Designers Rethinking What A Pennsylvania Retail Sportsbook Should Be

Written By Kevin Shelly on October 10, 2019 - Last Updated on May 4, 2020

As trends in gambling go, the reimagining of old-school sportsbooks as sports lounges has major momentum.

Think of the newfangled sports lounge as man-cave meets casino; a blend of tech, comfort, drink, food, community, entertainment, and even sports.

Online sports wagering is driving the conversion to lounges

You can thank online wagering for the push to gentrify Pensylvania’s sportsbook spaces into lounges. The trend is national, the lounge-ification of sportsbooks.

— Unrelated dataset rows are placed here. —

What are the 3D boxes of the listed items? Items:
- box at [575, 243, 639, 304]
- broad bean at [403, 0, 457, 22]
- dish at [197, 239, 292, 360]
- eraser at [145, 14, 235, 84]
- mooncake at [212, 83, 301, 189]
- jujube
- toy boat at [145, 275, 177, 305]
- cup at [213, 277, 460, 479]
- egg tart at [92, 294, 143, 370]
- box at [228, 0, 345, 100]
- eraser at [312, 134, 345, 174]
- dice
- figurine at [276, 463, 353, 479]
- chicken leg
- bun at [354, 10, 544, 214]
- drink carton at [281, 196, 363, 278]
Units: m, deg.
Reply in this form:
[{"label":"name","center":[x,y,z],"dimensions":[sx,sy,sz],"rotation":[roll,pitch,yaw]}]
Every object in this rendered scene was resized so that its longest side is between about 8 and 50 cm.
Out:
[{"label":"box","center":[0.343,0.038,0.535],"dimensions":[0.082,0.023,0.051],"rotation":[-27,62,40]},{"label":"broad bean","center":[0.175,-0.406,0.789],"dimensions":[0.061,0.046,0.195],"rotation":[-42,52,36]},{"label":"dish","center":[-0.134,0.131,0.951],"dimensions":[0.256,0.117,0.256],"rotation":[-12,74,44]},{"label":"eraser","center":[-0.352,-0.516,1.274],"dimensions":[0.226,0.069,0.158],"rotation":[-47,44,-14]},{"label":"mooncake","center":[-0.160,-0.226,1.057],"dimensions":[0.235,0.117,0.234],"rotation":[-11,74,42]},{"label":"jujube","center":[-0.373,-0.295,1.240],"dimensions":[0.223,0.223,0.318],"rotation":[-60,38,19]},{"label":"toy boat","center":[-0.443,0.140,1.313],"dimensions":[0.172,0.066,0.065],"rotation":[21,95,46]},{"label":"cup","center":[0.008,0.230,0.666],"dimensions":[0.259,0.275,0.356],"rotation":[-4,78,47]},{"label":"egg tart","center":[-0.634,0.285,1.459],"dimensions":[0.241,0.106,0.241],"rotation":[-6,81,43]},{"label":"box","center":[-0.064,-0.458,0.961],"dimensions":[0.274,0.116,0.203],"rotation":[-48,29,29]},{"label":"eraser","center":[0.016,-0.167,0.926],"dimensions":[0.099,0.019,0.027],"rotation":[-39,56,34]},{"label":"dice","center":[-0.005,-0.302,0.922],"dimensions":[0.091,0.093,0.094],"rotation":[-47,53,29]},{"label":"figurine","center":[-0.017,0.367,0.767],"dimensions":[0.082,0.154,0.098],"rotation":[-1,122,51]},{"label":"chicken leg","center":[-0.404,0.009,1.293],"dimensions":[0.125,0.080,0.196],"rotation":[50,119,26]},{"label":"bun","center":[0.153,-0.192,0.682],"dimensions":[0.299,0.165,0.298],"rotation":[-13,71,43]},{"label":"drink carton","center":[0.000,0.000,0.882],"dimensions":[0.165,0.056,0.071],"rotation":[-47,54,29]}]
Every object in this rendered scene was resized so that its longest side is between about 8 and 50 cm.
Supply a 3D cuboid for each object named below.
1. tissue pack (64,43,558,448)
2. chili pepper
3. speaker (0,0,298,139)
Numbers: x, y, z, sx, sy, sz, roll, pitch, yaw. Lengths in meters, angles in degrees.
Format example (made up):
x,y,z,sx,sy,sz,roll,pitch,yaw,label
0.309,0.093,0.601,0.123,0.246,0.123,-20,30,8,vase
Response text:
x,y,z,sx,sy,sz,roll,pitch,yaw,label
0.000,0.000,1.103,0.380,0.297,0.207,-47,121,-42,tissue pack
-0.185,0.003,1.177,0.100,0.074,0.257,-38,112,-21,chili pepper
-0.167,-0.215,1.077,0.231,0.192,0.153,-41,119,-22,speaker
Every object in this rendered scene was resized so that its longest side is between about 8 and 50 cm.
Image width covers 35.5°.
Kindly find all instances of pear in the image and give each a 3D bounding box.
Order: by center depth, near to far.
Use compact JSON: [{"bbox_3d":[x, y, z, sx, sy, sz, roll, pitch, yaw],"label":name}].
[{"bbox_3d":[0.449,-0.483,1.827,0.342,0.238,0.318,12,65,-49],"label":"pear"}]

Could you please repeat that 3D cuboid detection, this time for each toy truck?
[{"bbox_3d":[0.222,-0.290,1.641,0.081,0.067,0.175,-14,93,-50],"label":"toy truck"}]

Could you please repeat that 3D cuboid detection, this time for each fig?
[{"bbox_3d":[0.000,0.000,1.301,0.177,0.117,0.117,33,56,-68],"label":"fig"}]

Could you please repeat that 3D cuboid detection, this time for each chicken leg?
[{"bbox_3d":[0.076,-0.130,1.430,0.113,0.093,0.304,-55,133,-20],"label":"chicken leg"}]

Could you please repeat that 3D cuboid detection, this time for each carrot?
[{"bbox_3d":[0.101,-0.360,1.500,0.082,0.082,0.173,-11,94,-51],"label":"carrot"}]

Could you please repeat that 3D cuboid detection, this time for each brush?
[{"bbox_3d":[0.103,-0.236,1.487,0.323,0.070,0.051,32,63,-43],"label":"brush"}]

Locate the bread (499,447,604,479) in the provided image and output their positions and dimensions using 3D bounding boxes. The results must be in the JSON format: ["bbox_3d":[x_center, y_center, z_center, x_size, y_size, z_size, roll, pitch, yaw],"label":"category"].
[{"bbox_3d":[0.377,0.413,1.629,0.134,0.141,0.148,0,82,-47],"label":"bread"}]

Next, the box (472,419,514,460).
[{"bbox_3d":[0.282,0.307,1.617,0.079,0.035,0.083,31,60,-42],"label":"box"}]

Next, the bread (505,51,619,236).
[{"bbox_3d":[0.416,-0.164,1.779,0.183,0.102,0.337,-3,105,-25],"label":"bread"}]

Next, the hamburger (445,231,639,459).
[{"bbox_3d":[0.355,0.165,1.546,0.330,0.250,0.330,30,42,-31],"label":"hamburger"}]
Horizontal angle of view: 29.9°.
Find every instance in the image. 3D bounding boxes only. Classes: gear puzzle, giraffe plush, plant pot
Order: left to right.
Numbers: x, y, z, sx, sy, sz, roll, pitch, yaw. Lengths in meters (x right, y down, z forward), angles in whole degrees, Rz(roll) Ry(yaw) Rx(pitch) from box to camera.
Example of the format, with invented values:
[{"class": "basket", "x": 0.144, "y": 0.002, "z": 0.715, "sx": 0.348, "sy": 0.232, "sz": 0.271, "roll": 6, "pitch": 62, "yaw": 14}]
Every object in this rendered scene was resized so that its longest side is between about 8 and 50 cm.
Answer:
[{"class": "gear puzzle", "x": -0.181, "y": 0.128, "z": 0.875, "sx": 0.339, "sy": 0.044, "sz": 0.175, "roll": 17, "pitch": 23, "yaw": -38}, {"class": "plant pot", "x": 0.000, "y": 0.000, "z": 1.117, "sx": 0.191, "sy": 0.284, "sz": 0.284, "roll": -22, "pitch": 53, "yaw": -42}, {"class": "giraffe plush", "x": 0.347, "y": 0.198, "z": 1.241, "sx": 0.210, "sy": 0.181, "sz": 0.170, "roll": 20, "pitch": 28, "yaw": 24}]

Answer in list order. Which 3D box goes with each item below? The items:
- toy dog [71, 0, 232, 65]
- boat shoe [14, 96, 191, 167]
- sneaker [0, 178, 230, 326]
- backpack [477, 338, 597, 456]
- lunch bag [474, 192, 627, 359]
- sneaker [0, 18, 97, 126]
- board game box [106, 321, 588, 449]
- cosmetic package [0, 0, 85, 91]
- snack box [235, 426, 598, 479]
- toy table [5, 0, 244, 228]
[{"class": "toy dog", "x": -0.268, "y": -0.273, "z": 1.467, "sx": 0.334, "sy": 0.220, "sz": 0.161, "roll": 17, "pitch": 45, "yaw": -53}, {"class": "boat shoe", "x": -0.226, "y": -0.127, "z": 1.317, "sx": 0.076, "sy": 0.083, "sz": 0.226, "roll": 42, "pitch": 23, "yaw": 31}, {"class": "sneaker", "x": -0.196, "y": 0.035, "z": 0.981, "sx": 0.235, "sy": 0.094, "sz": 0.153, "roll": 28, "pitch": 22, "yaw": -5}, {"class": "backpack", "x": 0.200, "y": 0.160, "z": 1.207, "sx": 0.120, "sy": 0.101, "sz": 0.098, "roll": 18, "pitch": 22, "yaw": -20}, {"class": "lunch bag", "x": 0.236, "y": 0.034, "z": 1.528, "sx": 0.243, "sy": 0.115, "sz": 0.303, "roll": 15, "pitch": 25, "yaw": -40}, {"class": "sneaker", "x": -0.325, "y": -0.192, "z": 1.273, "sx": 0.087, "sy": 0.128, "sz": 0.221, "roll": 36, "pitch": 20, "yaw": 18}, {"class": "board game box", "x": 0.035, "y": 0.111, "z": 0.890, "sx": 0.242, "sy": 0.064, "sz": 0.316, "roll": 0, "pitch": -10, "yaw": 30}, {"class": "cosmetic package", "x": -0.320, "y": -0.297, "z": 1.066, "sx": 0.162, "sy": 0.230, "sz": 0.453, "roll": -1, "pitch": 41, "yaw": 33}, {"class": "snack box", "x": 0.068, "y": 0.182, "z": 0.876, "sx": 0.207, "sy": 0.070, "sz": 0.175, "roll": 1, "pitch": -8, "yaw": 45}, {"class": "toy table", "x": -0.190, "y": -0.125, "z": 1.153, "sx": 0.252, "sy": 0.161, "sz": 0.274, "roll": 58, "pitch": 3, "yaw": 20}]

Just check in with Dwayne MacEwen, a busy Chicago-area principal and creative director for the architectural design firm DMAC.

Early in the month, his firm debuted the updated permanent retail sports lounge at the casino Rivers Pittsburgh to rave reviews.
This week two new Rivers-branded lounges at the home of the NHL’s Flyers at the Wells Fargo Center in Philadelphia were unveiled. Rivers Sportsbook is the official book for the Flyers, but there is no betting counter at Wells Fargo Center. Rather, the lounges promote online wagering via the BetRivers betting app.

Sports lounges are a trend, but not a fad

Soon, perhaps even next week, the temporary retail sportsbook space at SugarHouse Casino will be reborn as a permanent Rivers-branded sports lounge. That’s part of the overall rebranding of SugarHouse to its new name, Rivers Philadelphia.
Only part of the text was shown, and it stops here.